Collected data >>

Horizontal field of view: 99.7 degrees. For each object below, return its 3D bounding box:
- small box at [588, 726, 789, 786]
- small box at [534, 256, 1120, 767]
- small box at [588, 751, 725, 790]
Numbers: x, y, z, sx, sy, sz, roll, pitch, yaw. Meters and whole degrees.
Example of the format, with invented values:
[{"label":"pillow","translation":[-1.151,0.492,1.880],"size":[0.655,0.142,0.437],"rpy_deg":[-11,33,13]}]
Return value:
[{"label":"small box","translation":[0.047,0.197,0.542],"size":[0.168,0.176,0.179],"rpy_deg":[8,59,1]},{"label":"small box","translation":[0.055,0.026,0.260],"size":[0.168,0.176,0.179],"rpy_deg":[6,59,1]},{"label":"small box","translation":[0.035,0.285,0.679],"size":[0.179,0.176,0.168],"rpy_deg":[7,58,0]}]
---
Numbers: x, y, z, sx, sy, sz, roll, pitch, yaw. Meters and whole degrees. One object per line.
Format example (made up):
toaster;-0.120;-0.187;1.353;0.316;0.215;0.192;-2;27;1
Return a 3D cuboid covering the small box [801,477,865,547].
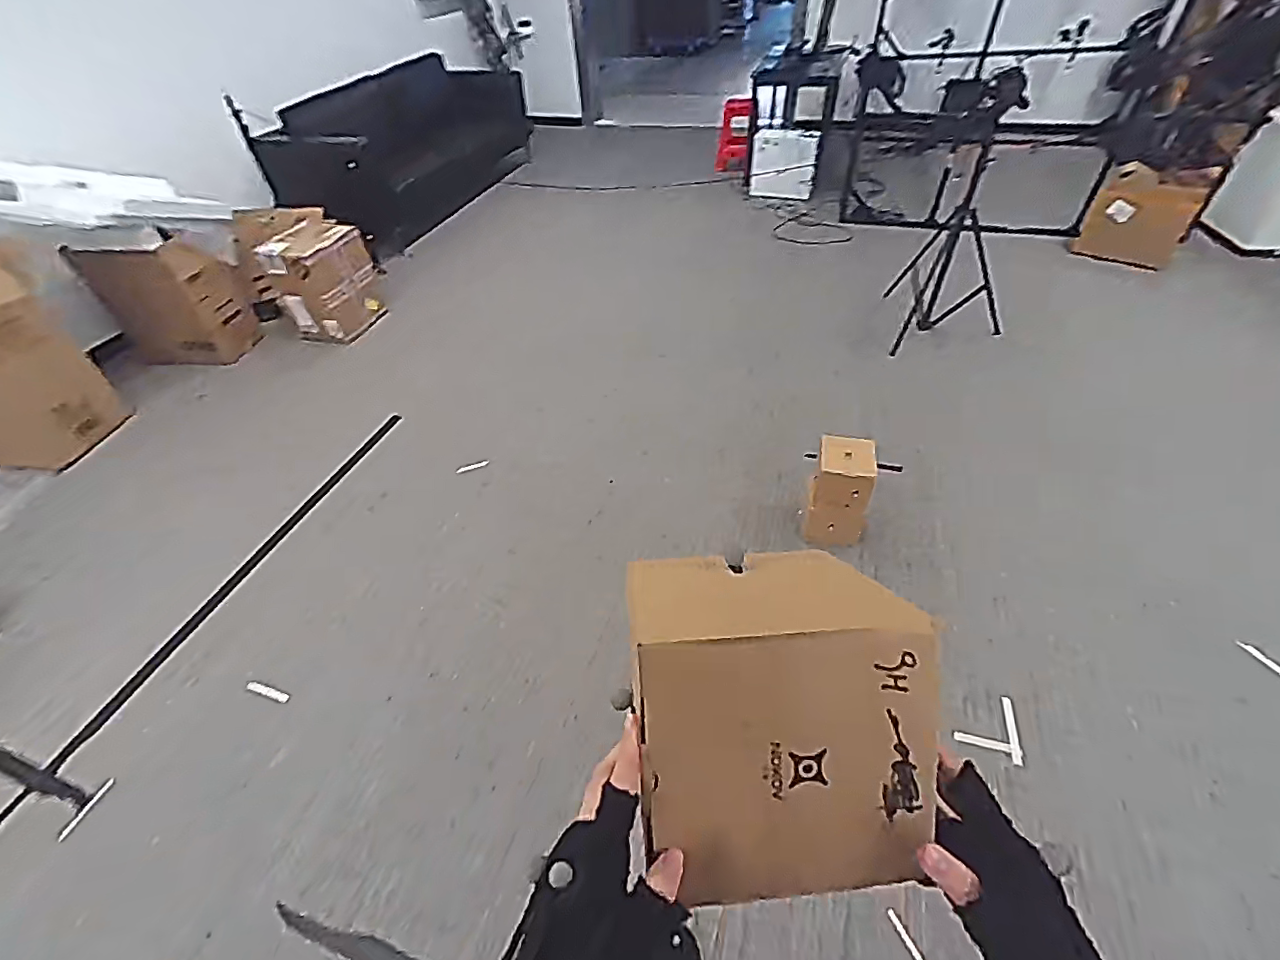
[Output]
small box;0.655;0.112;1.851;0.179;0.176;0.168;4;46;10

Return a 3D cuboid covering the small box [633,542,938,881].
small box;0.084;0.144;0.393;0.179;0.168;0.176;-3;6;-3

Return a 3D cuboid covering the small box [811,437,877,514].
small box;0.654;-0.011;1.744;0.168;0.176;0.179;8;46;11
==
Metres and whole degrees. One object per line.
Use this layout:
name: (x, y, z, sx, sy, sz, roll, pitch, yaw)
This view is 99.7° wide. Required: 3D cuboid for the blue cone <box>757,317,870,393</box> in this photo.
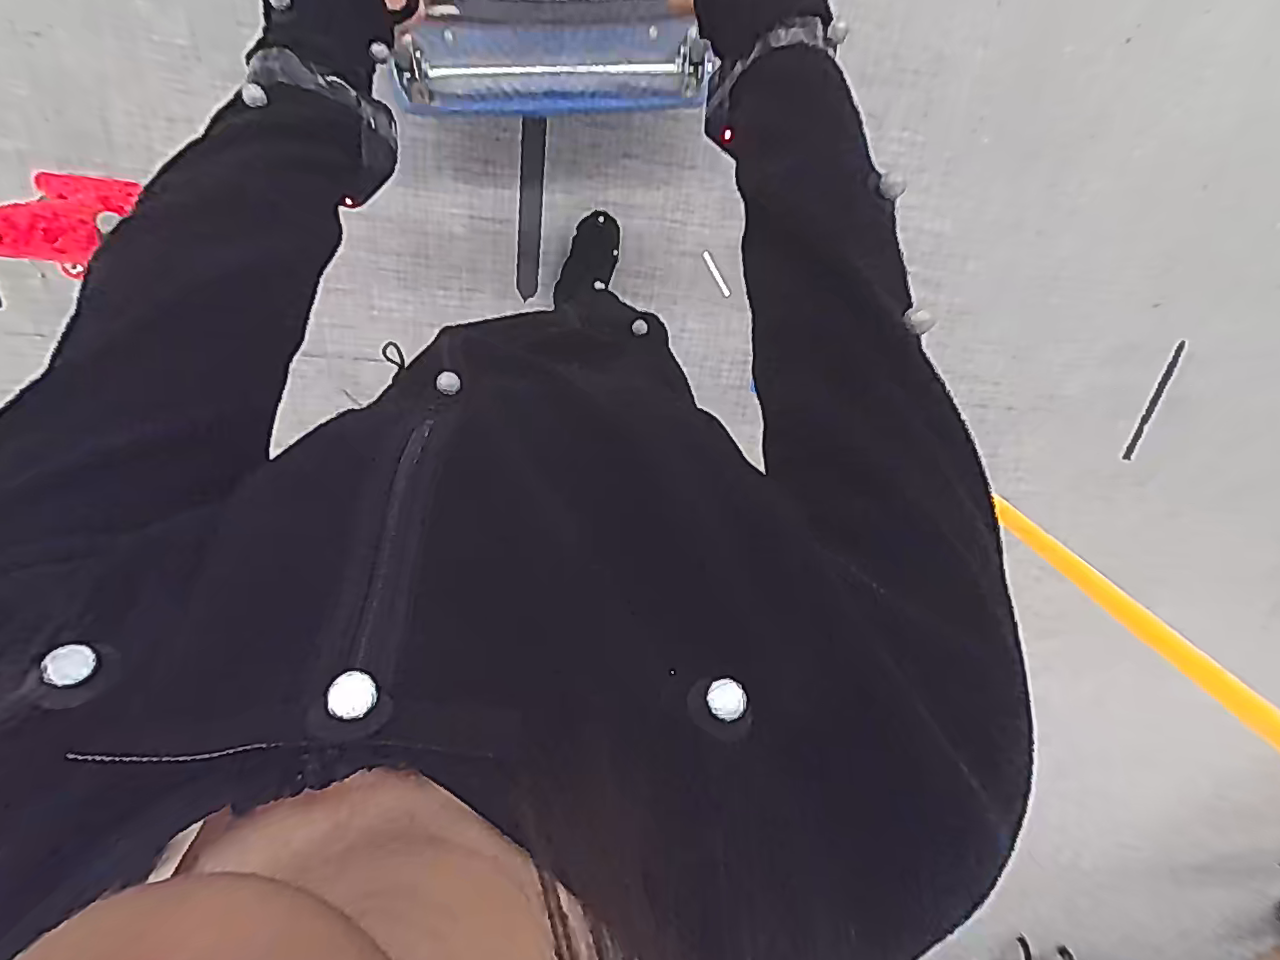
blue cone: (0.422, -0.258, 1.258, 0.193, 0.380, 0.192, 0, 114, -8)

Task to carry out >>
Report each line of the entries where the word "pitch" occurs.

Answer for this exercise >>
Numbers: x, y, z, sx, sy, sz, roll, pitch, yaw. Meters and whole degrees.
Numbers: x, y, z, sx, sy, sz, roll, pitch, yaw. Meters and whole degrees. One object per line.
name: (x, y, z, sx, sy, sz, roll, pitch, yaw)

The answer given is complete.